Add_Type_Class(a)	Add object a of type rdfs:Class
Delete_Type_Class(a)	Delete object a of type rdfs:Class
Rename_Class(a)	Rename class a to b
Merge_Classes(A, b)	Merge classes contained in A into b
Merge_Classes_Into_Existing(A,b)	Merge classes in A into b, b ∈ A
Split_Class(a,B)	Split class a into classes contained in B
Split_Class_Into_Existing(a,B)	Split class a into classes in B, a ∈ B
Add_Type_Property(a)	Add object a of type rdf:property
Delete_Type_Property(a)	Delete object a of type rdf:property
Rename_Property(a,b)	Rename property a to b
Merge_Properties(A,b)	Merge properties contained in A into b
Merge_Properties_Into_Existing(A, b)	Merge A into b, b ∈ A
Split_Property(a,B)	Split property a into properties contained in B
Split_Property_Into_Existing(a,B)	Split a into properties in B, a ∈ B
Add_Type_Individual(a)	Add object a of type rdfs:Resource
Delete_Type_Individual(a)	Delete object a of type rdfs:Resource
Merge_Individuals(A,b)	Merge individuals contained in A into b
Merge_Individuals_Into_Existing(A,b)	Merge A into b, b ∈ A
Split_Individual(a,B)	Split individual a into individuals in B
Split_Individual_Into_Existing(a,B)	Split a into individuals in B, a ∈ B
Add_Superclass(a,b)	Parent b of class a is added
Delete_Superclass(a,b)	Parent b of class a is deleted
Add_Superproperty(a,b)	Parent b of property a is added
Delete_Superproperty(a,b)	Parent b of property a is deleted
Add_Type_To_Individual(a,b)	Type b of individual a is added
Delete_Type_From_Individual(a,b)	Type b of individual a is deleted
Add_Property_Instance (a1,a2,b)	Add property instance of property b
Delete_Property_Instance(a1,a2,b)	Delete instance of property b
Add_Domain(a,b)	Domain b of property a is added
Delete_Domain(a,b)	Domain b of property a is deleted
Add_Range(a,b)	Range b of property a is added
Delete_Range(a,b)	Range b of property a is deleted
Add_Comment(a,b)	Comment b of object a is added
Delete_Comment(a,b)	Comment b of object a is deleted
Change_Comment(u,a,b)	Change comment of resource u from a to b
Add_Label(a,b)	Label b of object a is added
Delete_Label(a,b)	Label b of object a is deleted
Change_Label(u,a,b)	Change label of resource u from a to b

Appendix 2: Complex Change Detection Correctness

Below we prove the correctness of the detection algorithm in Sect. 5 with respect to complex change language semantics. First, a subset of the proposed language is proven to have equivalent semantics to a subset of SPARQL. SPARQL semantics are defined in Perez et al. [18] and Kaminski et al. [10]. Next, augmenting with the rest features, semantics are implemented by applying Algorithm 3 to the result mappings of a SPARQL graph pattern.

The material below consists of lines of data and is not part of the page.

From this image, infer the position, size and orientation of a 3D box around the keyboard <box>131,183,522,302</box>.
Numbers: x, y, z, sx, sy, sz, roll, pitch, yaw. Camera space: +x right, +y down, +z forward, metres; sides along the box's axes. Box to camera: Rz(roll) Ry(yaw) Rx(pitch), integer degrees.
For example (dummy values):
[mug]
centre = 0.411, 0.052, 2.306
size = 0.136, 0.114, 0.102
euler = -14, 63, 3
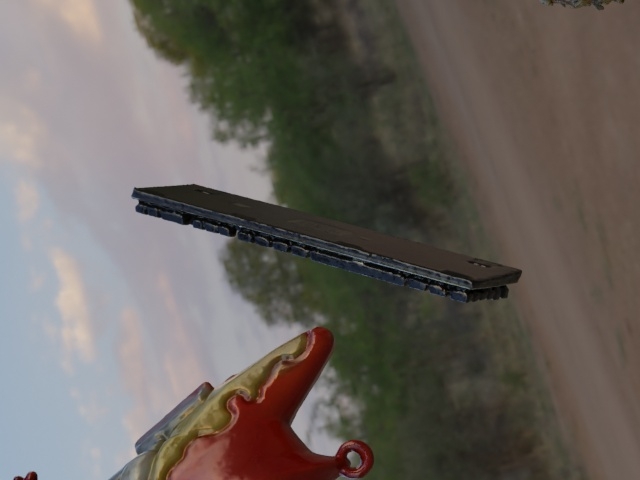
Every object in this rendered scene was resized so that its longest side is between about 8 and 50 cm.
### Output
[keyboard]
centre = 0.000, 0.000, 1.059
size = 0.106, 0.317, 0.027
euler = -6, -72, -60

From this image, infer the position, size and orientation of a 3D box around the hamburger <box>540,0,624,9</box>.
[hamburger]
centre = 0.089, -0.160, 0.568
size = 0.166, 0.087, 0.137
euler = 39, 164, 41

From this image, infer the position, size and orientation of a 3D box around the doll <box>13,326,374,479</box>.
[doll]
centre = -0.058, 0.112, 0.522
size = 0.057, 0.169, 0.109
euler = 36, -146, -69
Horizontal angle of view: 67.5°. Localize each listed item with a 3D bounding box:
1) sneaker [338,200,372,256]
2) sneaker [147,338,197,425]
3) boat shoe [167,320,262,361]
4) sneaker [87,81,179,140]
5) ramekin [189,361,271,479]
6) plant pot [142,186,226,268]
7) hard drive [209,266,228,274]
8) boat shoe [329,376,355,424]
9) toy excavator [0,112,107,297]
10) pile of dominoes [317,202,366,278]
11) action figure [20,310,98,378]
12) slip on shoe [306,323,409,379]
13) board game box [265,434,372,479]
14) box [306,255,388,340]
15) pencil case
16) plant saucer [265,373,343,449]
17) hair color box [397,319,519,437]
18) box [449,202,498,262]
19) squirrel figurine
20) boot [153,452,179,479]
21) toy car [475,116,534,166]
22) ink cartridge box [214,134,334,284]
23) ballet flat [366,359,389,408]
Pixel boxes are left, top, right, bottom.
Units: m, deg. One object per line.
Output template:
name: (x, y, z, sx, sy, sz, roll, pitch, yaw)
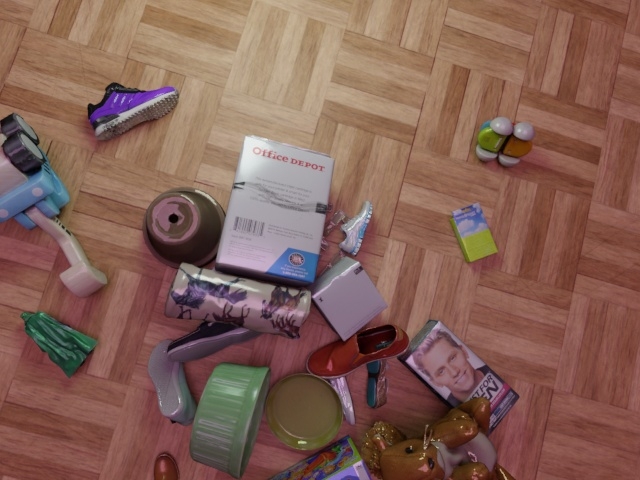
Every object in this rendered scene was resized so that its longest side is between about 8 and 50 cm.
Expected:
sneaker: (0.110, -0.049, 1.548, 0.082, 0.071, 0.191, 21, 74, 0)
sneaker: (-0.441, 0.433, 1.441, 0.094, 0.151, 0.256, -20, 51, -5)
boat shoe: (-0.317, 0.279, 1.445, 0.302, 0.114, 0.091, -12, 57, -26)
sneaker: (-0.604, -0.446, 1.518, 0.293, 0.102, 0.146, -28, 86, -8)
ramekin: (-0.251, 0.492, 1.352, 0.148, 0.303, 0.304, 13, 82, 3)
plant pot: (-0.415, -0.051, 1.428, 0.262, 0.229, 0.263, 1, 82, -6)
hard drive: (-0.317, 0.153, 1.517, 0.094, 0.022, 0.135, -36, 88, -9)
boat shoe: (0.062, 0.486, 1.497, 0.063, 0.066, 0.184, -17, 86, 3)
toy excavator: (-0.819, -0.087, 1.411, 0.222, 0.445, 0.433, -35, 47, -7)
pile of dominoes: (0.000, 0.000, 1.571, 0.196, 0.040, 0.251, 40, 73, 0)
action figure: (-0.796, 0.286, 1.433, 0.232, 0.063, 0.137, 38, 83, -4)
slip on shoe: (0.105, 0.331, 1.461, 0.331, 0.101, 0.123, -19, 48, 11)
board game box: (-0.036, 0.708, 1.374, 0.346, 0.233, 0.078, -26, 87, -8)
box: (0.076, 0.176, 1.483, 0.181, 0.119, 0.182, -36, 104, -8)
pencil case: (-0.239, 0.175, 1.377, 0.409, 0.183, 0.160, 12, 75, -9)
plant saucer: (-0.049, 0.519, 1.470, 0.240, 0.037, 0.241, 1, 95, 6)
hair color box: (0.433, 0.432, 1.517, 0.347, 0.105, 0.174, 43, 81, 1)
box: (0.511, -0.026, 1.609, 0.108, 0.042, 0.178, -19, 85, -8)
squirrel figurine: (0.281, 0.621, 1.324, 0.370, 0.397, 0.281, 3, 66, -37)
boot: (-0.452, 0.729, 1.370, 0.072, 0.152, 0.197, -9, 84, -6)
toy car: (0.619, -0.350, 1.620, 0.181, 0.159, 0.136, 12, 48, -4)
ink cartridge box: (-0.137, -0.081, 1.450, 0.285, 0.166, 0.395, 13, 76, -12)
ballet flat: (0.185, 0.425, 1.522, 0.067, 0.073, 0.207, 7, 85, -32)
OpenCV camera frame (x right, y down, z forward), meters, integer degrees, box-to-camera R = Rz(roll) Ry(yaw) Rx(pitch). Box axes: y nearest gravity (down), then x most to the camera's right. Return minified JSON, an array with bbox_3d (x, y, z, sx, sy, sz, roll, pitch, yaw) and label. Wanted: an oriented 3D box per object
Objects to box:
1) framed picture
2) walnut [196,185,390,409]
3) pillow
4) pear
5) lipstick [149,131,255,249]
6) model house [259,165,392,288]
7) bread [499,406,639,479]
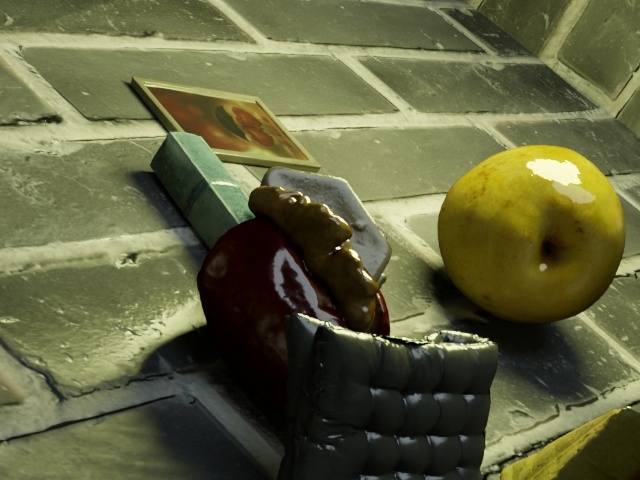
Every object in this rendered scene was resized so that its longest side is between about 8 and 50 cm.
[{"bbox_3d":[-0.158,-0.192,2.464,0.289,0.020,0.211,4,35,-46],"label":"framed picture"},{"bbox_3d":[-0.021,0.069,1.840,0.269,0.244,0.222,45,25,26],"label":"walnut"},{"bbox_3d":[0.084,0.210,1.722,0.326,0.228,0.101,7,0,-41],"label":"pillow"},{"bbox_3d":[0.337,-0.011,2.367,0.314,0.314,0.314,26,24,-13],"label":"pear"},{"bbox_3d":[-0.144,-0.043,2.117,0.077,0.076,0.289,9,32,-46],"label":"lipstick"},{"bbox_3d":[0.006,-0.005,2.123,0.229,0.122,0.188,54,-11,6],"label":"model house"},{"bbox_3d":[0.359,0.295,1.842,0.168,0.264,0.163,35,25,-8],"label":"bread"}]
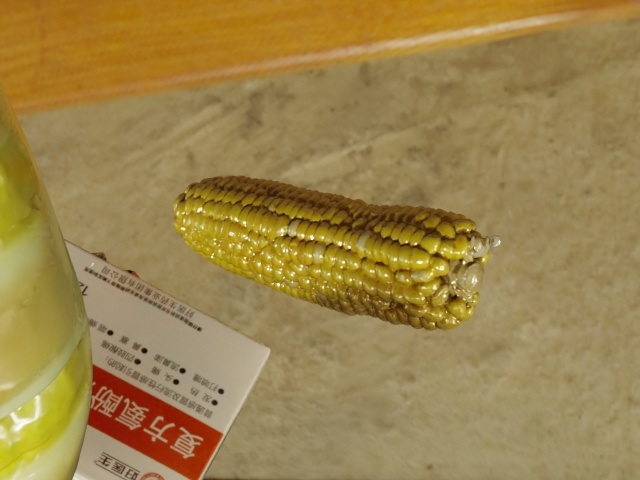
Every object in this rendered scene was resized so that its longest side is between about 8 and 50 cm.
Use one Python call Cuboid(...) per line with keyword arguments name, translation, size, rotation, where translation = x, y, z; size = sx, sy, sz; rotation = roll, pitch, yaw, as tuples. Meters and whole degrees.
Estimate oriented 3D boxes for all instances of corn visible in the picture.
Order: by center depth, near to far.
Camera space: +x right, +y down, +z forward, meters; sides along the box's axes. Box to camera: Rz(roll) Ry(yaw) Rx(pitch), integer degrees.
Cuboid(name="corn", translation=(0.001, 0.005, 0.988), size=(0.313, 0.102, 0.102), rotation=(13, 72, 39))

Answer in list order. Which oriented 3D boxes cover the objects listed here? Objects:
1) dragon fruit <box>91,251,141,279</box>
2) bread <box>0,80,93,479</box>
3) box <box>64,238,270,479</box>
Cuboid(name="dragon fruit", translation=(-0.249, 0.086, 1.302), size=(0.133, 0.166, 0.136), rotation=(-6, 65, -21))
Cuboid(name="bread", translation=(-0.211, -0.018, 0.368), size=(0.333, 0.333, 0.160), rotation=(37, 50, 24))
Cuboid(name="box", translation=(-0.252, 0.118, 1.143), size=(0.353, 0.069, 0.214), rotation=(27, 55, 4))
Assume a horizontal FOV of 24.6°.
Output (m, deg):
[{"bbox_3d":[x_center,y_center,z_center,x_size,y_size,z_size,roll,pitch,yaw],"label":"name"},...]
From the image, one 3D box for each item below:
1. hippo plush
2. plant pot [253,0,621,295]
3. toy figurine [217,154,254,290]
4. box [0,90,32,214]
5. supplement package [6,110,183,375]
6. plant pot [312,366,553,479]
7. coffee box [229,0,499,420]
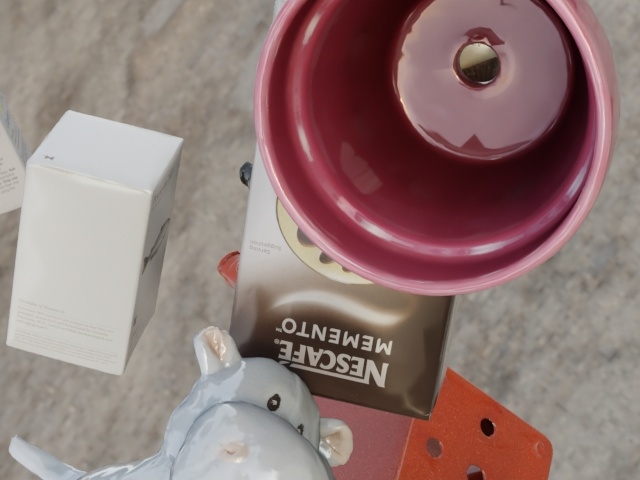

Step 1. Consider the subset of the proposed complex change language which involves only changes with cardinalities one and "?", scalar parameters and filter expressions on scalar parameters. Complex change semantics are defined given a set of change instances \(I\) and SPARQL semantics given an RDF graph \(D\). Let \(D\) contain the RDF representation of \(I\) based on the vocabulary presented in Sect. 5.2.

(1) The abstract syntax of the proposed language is by definition equivalent to the one proposed for SPARQL in Perez et al. [18], assuming that a graph pattern involves triples for changes, except that: (a) UNION operator is not considered, (b) the right operand of OPT shall be a graph pattern corresponding to a primitive change pattern, or a filter primitive change pattern, or an optional change pattern involving only primitive change patterns, filter primitive change patterns or optional change patterns with these types of operands, (c) the right operand of OPT may be a triple that involves an optional variable \(xOPT\) (recall, if \(xOPT\in dom\left({\mu }_{c}\right)\) then \({\mu }_{c}\left(xOPT\right)=\varnothing \) or \({\mu }_{c}\left(xOPT\right)\ne \varnothing \)). All complex change language's built-in filter expressions are SPARQL built-in filter expressions as well. For a complete SPARQL feature list, see Harris and Seaborne [9].

(2) The semantics of the proposed language are by definition equal to SPARQL semantics as in Perez et al. [18] for the syntax in (1), since they are made up of semantically equivalent operators applied on equivalent data in the same sequence.

Algorithm 3 (grouping variables are the change variables) materializes the change instances, performing a trivial grouping, where each SPARQL result mapping forms a trivial group and a new complex change instance. Overall, \(\left[\kern-0.15em\left[ {change\; pattern} \right]\kern-0.15em\right]_{I} = Algorithm3\left( {\left[\kern-0.15em\left[ {graph\; pattern} \right]\kern-0.15em\right]_{D} } \right)\).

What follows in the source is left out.